A Pandas' DataFrame models a labeled 2D tabular data, similar to an Excel spreadsheet, or a SQL relational database table. The pandas' DataFrame is an extension of Pandas' 1D labeled sequences Series to two-dimensional. A DataFrame consists of a number of columns with a common row index (label), and a column header. Each column has its own data type. All elements in a column have the same data type.
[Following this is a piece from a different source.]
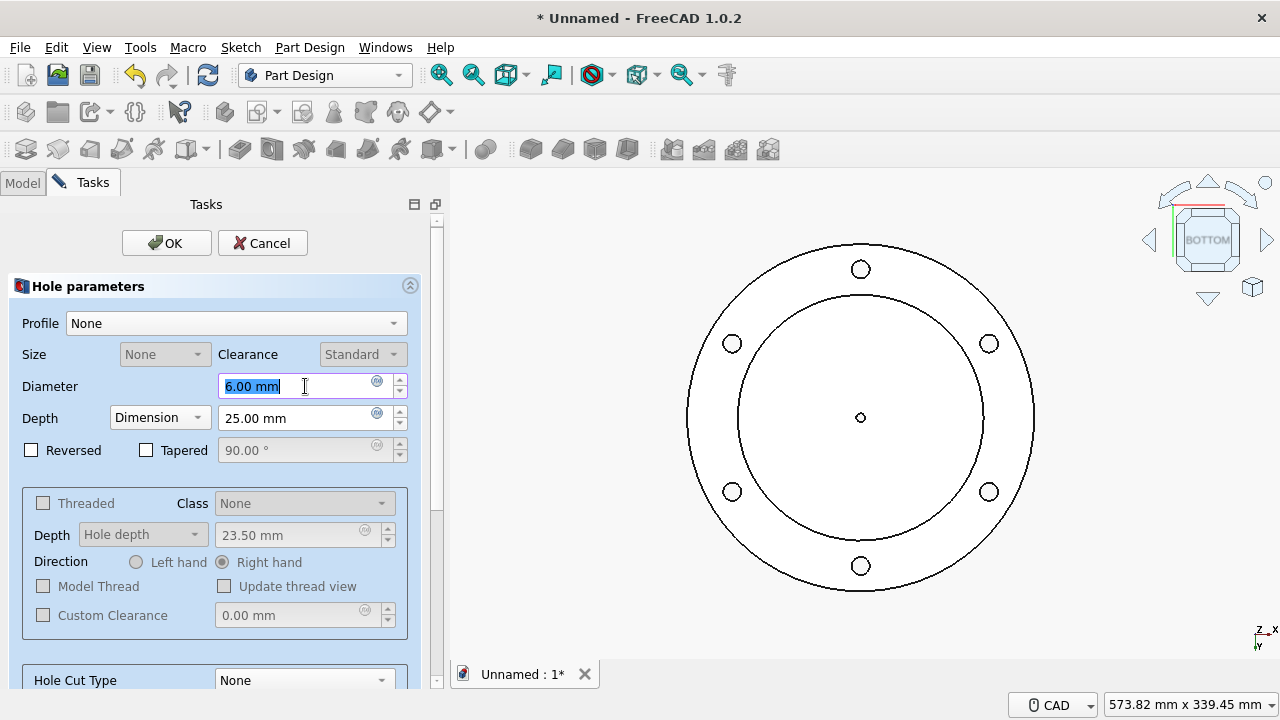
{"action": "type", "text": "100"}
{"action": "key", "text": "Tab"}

![image.png](attachment:image.png)

To construct a Pandas' DataFrame, invoke the constructor:

```python

>>> import pandas as pd
>>> help(pd.DataFrame)
DataFrame(data=None, index=None, columns=None, dtype=None)
    # data: can be a NumPy ndarray, dict, or Pandas DataFrame
    #       dict can contain Series, arrays, constants, or list-like objects
    # index: array-like or an Index object, default to RangeIndex
    # columns: array-like or an Index object, default to RangeIndex


```

The data can be obtained in the following ways:

from columns of Pandas' Series, or list, packed in a dictionary with column names.

from a 2D NumPy's ndarray.

from a file, such as a CSV file.

from another Pandas' DataFrame.

In [None]:
# from a collection of pandas'series

import numpy as np
import pandas as pd
s1 = pd.Series([1, 2, 3], index=['a', 'b', 'c'])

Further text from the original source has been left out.